Looking at the previous list, you may wonder why on earth would we cover these APIs at all — what is the benefit?

As you’ll see, the primary benefit here is accuracy. So first, consider the amount of data that Google and Microsoft have from running their respective search engines. Then consider the amount of data Amazon generates daily from simply printing shipping labels.

These companies have an incredible amount of image data — and when they train their novel, state-of-the-art OCR models on their data, the result is an incredibly robust and accurate OCR model.

In this tutorial, you’ll learn how to use the Amazon Rekognition API to OCR images. In upcoming tutorials, we will cover Microsoft Azure Cognitive Services and Google Cloud Vision API.

Configuring Your Development Environment

To follow this guide, you need to have the OpenCV library installed on your system.

Luckily, OpenCV is pip-installable:

$ pip install boto3

If you need help configuring your development environment for OpenCV, we highly recommend that you read our pip install OpenCV guide — it will have you up and running in a matter of minutes.

Amazon Rekognition API for OCR

The first part of this tutorial will focus on obtaining your AWS Rekognition Keys. These keys will include a public access key and a secret key, similar to SSH, SFTP, etc.

We’ll then show you how to install boto3, the Amazon Web Services (AWS) software development kit (SDK) for Python. Finally, we’ll use the boto3 package to interface with Amazon Rekognition OCR API.

Next, we’ll implement our Python configuration file (which will store our access key, secret key, and AWS region) and then create our driver script used to:

Load an input image from disk
Package it into an API request
Send the API request to AWS Rekognition for OCR
Retrieve the results from the API call
Display our OCR results

We’ll wrap up this tutorial with a discussion of our results.

Obtaining Your AWS Rekognition Keys

You will need additional information from our companion site for instructions on obtaining your AWS Rekognition keys. You can find the instructions here.

Installing Amazon’s Python Package

To interface with the Amazon Rekognition API, we need to use the boto3 package: the AWS SDK. Luckily, boto3 is incredibly simple to install, requiring only a single pip-install command:

$ pip install boto3

If you are using a Python virtual environment or an Anaconda environment, be sure to use the appropriate command to access your Python environment before running the above command (otherwise, boto3 will be installed in the system install of Python).

Having Problems Configuring Your Development Environment?

**Figure 1:** Having trouble configuring your dev environment? Want access to pre-configured Jupyter Notebooks running on Google Colab?
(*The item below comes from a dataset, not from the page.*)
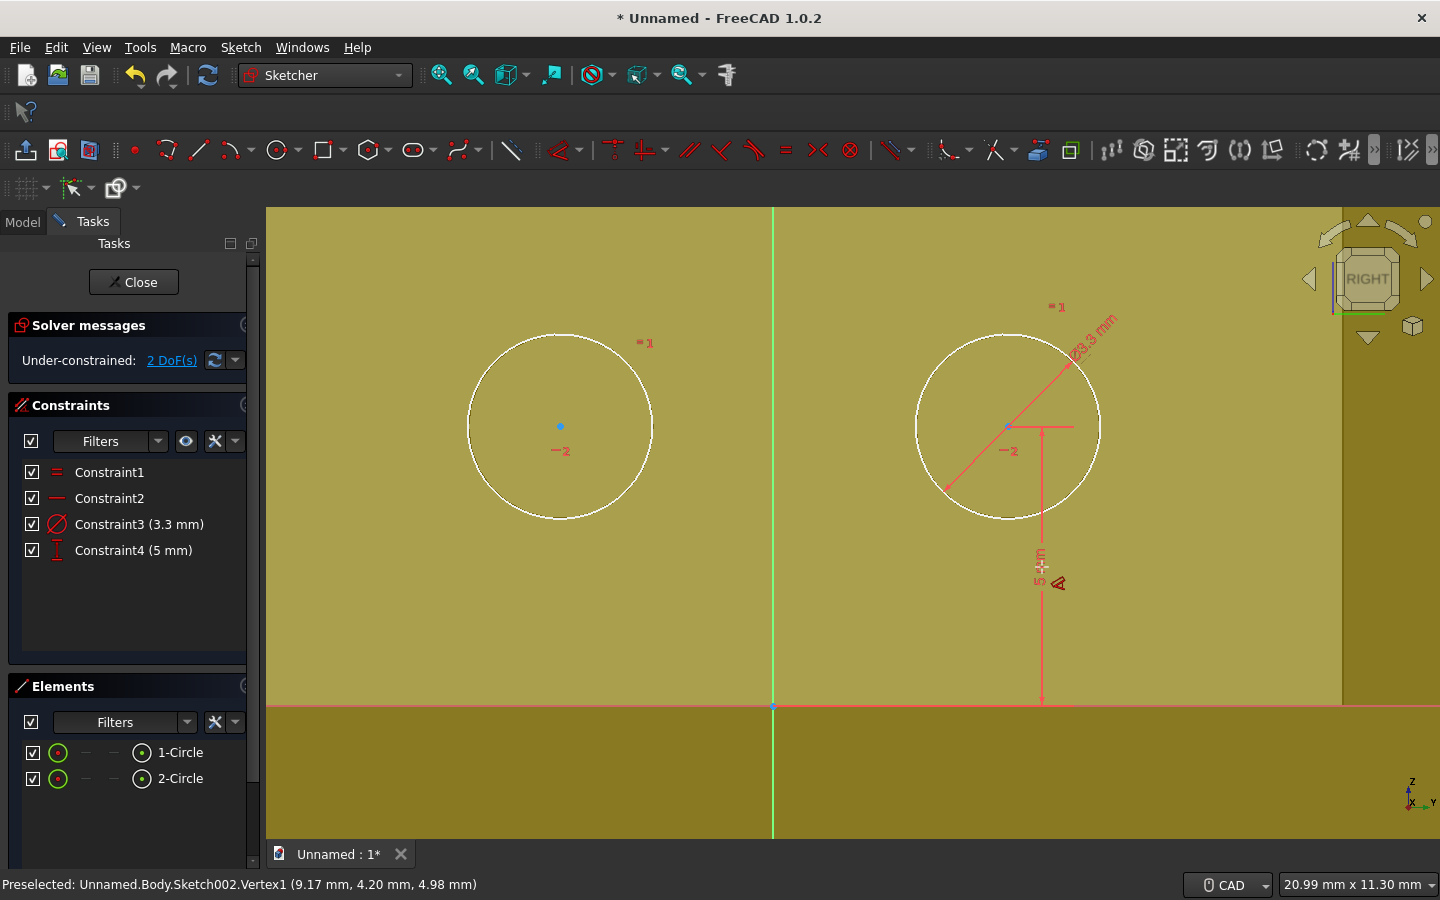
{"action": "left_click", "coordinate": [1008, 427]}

Be sure to join PyImageSearch University — you’ll be up and running with this tutorial in a matter of minutes.

All that said, are you:

Short on time?
Learning on your employer’s administratively locked system?
Wanting to skip the hassle of fighting with the command line, package managers, and virtual environments?
Ready to run the code right now on your Windows, macOS, or Linux system?
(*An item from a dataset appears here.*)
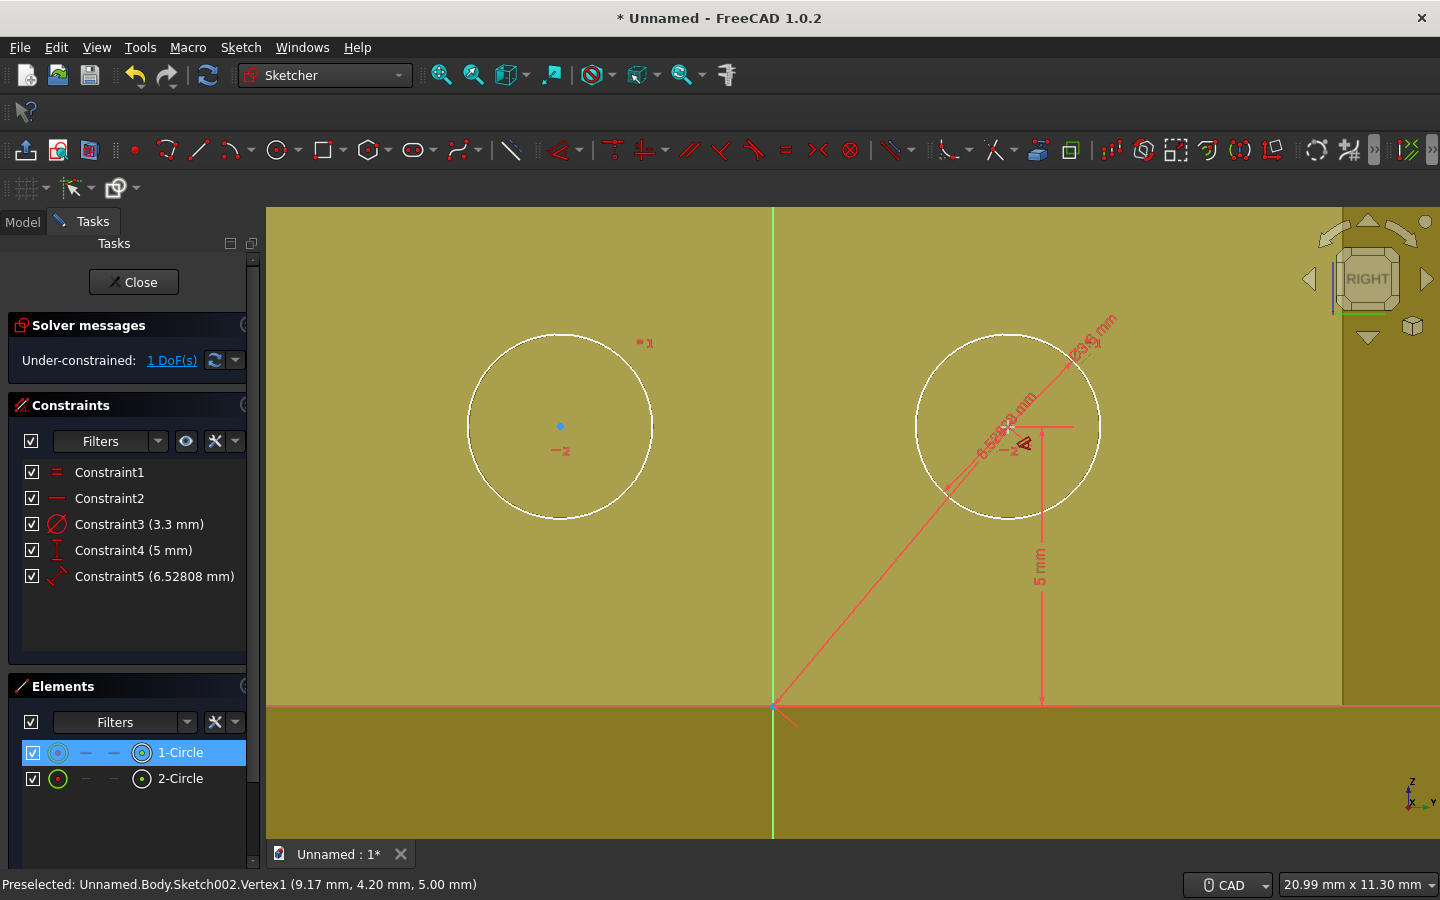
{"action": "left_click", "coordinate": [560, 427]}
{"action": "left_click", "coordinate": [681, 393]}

Then join PyImageSearch University today!

Gain access to Jupyter Notebooks for this tutorial and other PyImageSearch guides that are pre-configured to run on Google Colab’s ecosystem right in your web browser! No installation required.

And best of all, these Jupyter Notebooks will run on Windows, macOS, and Linux!

Project Structure

Start by accessing the “Downloads” section of this tutorial to retrieve the source code and example images.

Before we can perform text detection and OCR with Amazon Rekognition API, we first need to review our project directory structure.

|-- config
|   |-- __init__.py
|   |-- aws_config.py
|-- images
|   |-- aircraft.png
|   |-- challenging.png
|   |-- park.png
|   |-- street_signs.png
|-- amazon_ocr.py

The aws_config.py file contains our AWS access key, secret key, and region. You learned how to obtain these values in the Obtaining Your AWS Rekognition Keys section.

Our amazon_ocr.py script will take this aws_config, connect to the Amazon Rekognition API, and then perform text detection and OCR to each image in our images directory.

Creating Our Configuration File

To connect to the Amazon Rekognition API, we first need to supply our access key, secret key, and region. If you haven’t yet obtained these keys, go to the Obtaining Your AWS Rekognition Keys section and be sure to follow the steps and note the values.

Afterward, you can come back here, open aws_config.py, and update the code:

# define our AWS Access Key, Secret Key, and Region
ACCESS_KEY = "YOUR_ACCESS_KEY"
SECRET_KEY = "YOUR_SECRET_KEY"
REGION = "YOUR_AWS_REGION"

Sharing my API keys would be a security breach, so I’ve left placeholder values here. Be sure to update them with your API keys; otherwise, you will be unable to connect to the Amazon Rekognition API.

Implementing the Amazon Rekognition OCR Script

With our aws_config implemented, let’s move on to the amazon_ocr.py script, which is responsible for:

Connecting to the Amazon Rekognition API
Loading an input image from disk
Packaging the image in an API request
Sending the package to Amazon Rekognition API for OCR
Obtaining the OCR results from Amazon Rekognition API
Displaying our output text detection and OCR results

Let’s get started with our implementation:

# import the necessary packages
from config import aws_config as config
import argparse
import boto3
import cv2

Lines 2-5 import our required Python packages. Notably, we need our aws_config, along with boto3, which is Amazon’s Python package, to interface with their API.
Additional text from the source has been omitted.